A Work Structure, Process And Philosophy That Foster 'Impossible' fficiency You *Can* Produce More, Of A Higher Quality, Cheaper; Here's How

  • Our consultants take one client at a time. It lets us absorb your voice, and not waste time switching between clients.
  • Our consultants are the single engagement through-point, enabling project speed, cohesion, and accountability.
  • Our consultants have end-to-end marketing skills, so things gets done, efficiently, and not handed-off.
  • Our consultants’ functional experience spans managerial to technical, and creative to analytical.
  • We’re knowledgeable about technology, making us a natural fit for tech startups who need efficiency and results. 
  • Clients are ‘inside a wine bottle, unable to read their own label’. Their input informs messaging, and they approve creatives, but they are not involved in the process of our work. We are painters, not paintbrushes, permitting efficiency.
  • We recognized that digital marketing is very much like software development; their tools, processes, and platforms are mutable, and editable. This permits Lean and Agile methodologies that put execution ahead of meetings and planning. 
  • We reject the standard 2% paid search click-through rate, and embrace the reality of the buyer-driven sales cycle. We combined best practices with content that pulls clients, rather than pushing unwanted and costly ads on buyers.

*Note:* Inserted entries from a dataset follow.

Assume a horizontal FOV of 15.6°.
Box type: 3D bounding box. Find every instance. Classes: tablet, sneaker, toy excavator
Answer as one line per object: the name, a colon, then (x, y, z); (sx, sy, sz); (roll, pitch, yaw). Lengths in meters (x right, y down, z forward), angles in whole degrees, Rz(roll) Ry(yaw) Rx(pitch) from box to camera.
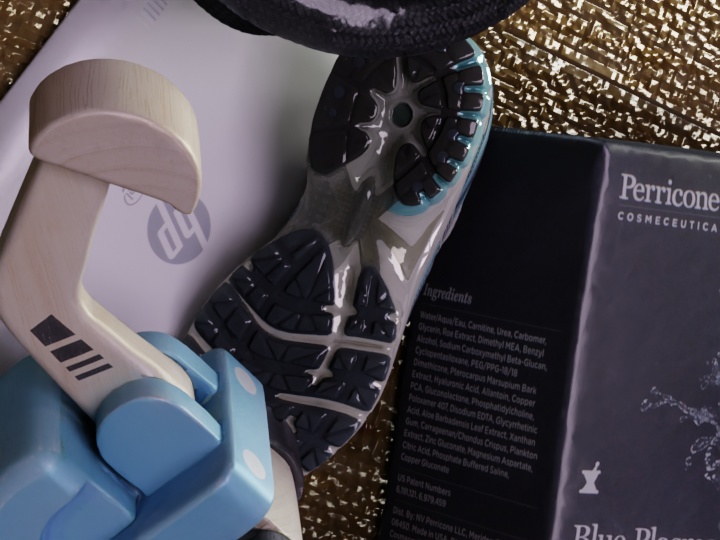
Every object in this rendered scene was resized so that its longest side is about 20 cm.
tablet: (-0.085, -0.030, 0.996); (0.130, 0.014, 0.200); (44, 73, -30)
sneaker: (0.000, 0.000, 1.019); (0.200, 0.078, 0.086); (-60, 167, 7)
toy excavator: (-0.088, 0.048, 0.902); (0.194, 0.100, 0.200); (-37, 121, 18)

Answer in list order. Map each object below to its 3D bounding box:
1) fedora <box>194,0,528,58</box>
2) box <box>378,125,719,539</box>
fedora: (-0.012, -0.153, 0.967); (0.201, 0.092, 0.201); (10, 66, -22)
box: (0.127, 0.050, 1.086); (0.197, 0.117, 0.200); (6, 92, -34)

Companies Make Seller-Centric Content, Interrupting To Talk About Themselves But Sales Are Buyer-Driven, And Feed On Buyer-Centric Content

Zack West, FlashPointLabs’ founder and president, is an honors UC Berkeley graduate and Saint Mary’s College of California MBA Candidate (2024) who grew up in rural northwestern Connecticut. 

Zack believes there at ‘two kinds’ of marketing: that taught in school, which typically applies to mid-20th-century behemoth companies (complete with presumptuous plans, written at the outset of a marketing operation, when little-to-nothing is known), and the marketing learned on the job, in the proverbial trenches of marketing. 

Hailing from a highly technical background as a network engineer and later product manager, Zack is ‘fluent in technology’. Zack is among elite brand, growth, and demand generation marketers who recognize that Web 2.0 has changed the way we buy. Zack is among inbound experts like like Mark W. Schaefer, Gary Vaynerchuk, Marcus Sheridan, and Joe Pulizzi. Like these experts, Zack realized that rather than interpreting the almost universal avoidance of ads and brochures as a problem, most marketers typically apply technologies in ever-more-interruptive ways without considering the First Principles approach of asking whether there’s another way.

Zack resides in the San Francisco Bay Area and is an active skier, cyclist, and in-line skater.